Андрей намеренно сказал «моя», а не «наша», дабы батюшка вспомнил и то, кто именно строил здешний храм, кто привозил в него колокола и заказывал убранство. И, похоже, сумел-таки развеять у настоятеля последние подозрения.
— Благодарю за щедрость, княже, — прибрал монету батюшка. — Да пребудет с тобой милость Господа.
— Помолись за спасение души моей, отец Ион, — попросил Зверев. — Пусть простит мои прегрешения, вольные и невольные. Он милостив, он поймет.
Попик осенил его крестом — Андрей послушно склонился к его руке, мысленно пребывая уже совсем в других местах, и сделал вид, что поцеловал.
Будущие потери князя Сакульского от прощения оброка были, конечно, велики. Однако же они не очень беспокоили Андрея. С собранным урожаем требовалось разумно, по-хозяйски распорядиться, и оставить все на волю здешнего старосты — привычный, но не самый разумный способ. Что-то продаст, что-то украдет, что-то сохранить не сможет. Крестьяне же свой собственный урожай уберегут куда рачительнее и прибытка с него получат больше. Прибыток этот не пропадет, в хозяйствах останется. От него и дворы в будущем крепче станут, и смердам от голода по весне пухнуть не придется да детишек слабых хоронить. В будущем доход больше выйдет, ныне — князю за доброту и заботу слава и любовь от подданных. Что же до княжеского достатка — так зимовать в усадьбе Зверев не собирался, а потому по поводу своего пустого погреба сильно не волновался. Пусть еда лучше людям достанется, чем в загашнике сгниет.

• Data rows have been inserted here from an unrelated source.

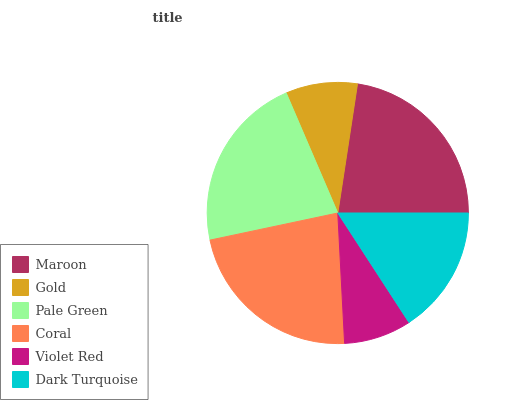Is Violet Red the minimum?
Answer yes or no. Yes. Is Maroon the maximum?
Answer yes or no. Yes. Is Gold the minimum?
Answer yes or no. No. Is Gold the maximum?
Answer yes or no. No. Is Maroon greater than Gold?
Answer yes or no. Yes. Is Gold less than Maroon?
Answer yes or no. Yes. Is Gold greater than Maroon?
Answer yes or no. No. Is Maroon less than Gold?
Answer yes or no. No. Is Pale Green the high median?
Answer yes or no. Yes. Is Dark Turquoise the low median?
Answer yes or no. Yes. Is Maroon the high median?
Answer yes or no. No. Is Pale Green the low median?
Answer yes or no. No. 
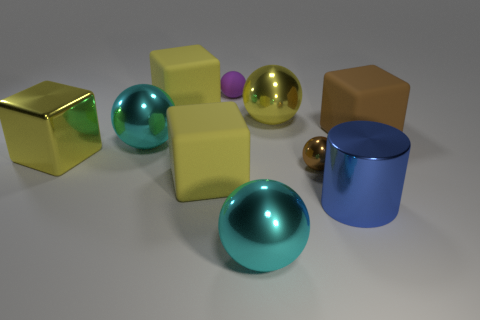Subtract all yellow cubes. How many were subtracted if there are1yellow cubes left? 2 Subtract all small shiny spheres. How many spheres are left? 4 Subtract all gray blocks. How many cyan spheres are left? 2 Subtract all brown cubes. How many cubes are left? 3 Subtract 1 blocks. How many blocks are left? 3 Subtract all cubes. How many objects are left? 6 Add 5 large rubber cubes. How many large rubber cubes are left? 8 Add 7 big cyan spheres. How many big cyan spheres exist? 9 Subtract 1 cyan spheres. How many objects are left? 9 Subtract all red balls. Subtract all green cubes. How many balls are left? 5 
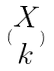<formula> <loc_0><loc_0><loc_500><loc_500>( \begin{matrix} X \\ k \end{matrix} )</formula>

После завтрака князь, взяв с собой всего трех холопов, поднялся на борт струга и вышел по реке в озеро, пугающее корабельщиков крупной зыбью. Волны волнами — но свежий ветер позволил тут же поднять оба паруса и бодро погнал небольшое суденышко на север. Весла понадобились только ближе к вечеру, когда лодка повернула в устье полноводной Вуоксы. Еще до сумерек струг подвалил к торговому причалу Корелы, и корабелы принялись выгружать мешки с упакованными в связки по сорок штук горностаями и соболями, привезенными князем из своего далекого удела на лесистой реке Свияге. Были тут, конечно, и бобровые меха, и рысьи шкуры, и медвежьи — но немного, взятые без счету у тамошних промысловиков для округления итоговой суммы до пяти рублей. Здесь, на общем со шведами торгу, князь рассчитывал получить как минимум трехкратную прибыль — а заодно узнать про самые удобные пути в далекую Гыспанию, где дожидалась его благословения старшая дочь и тосковала остальная семья.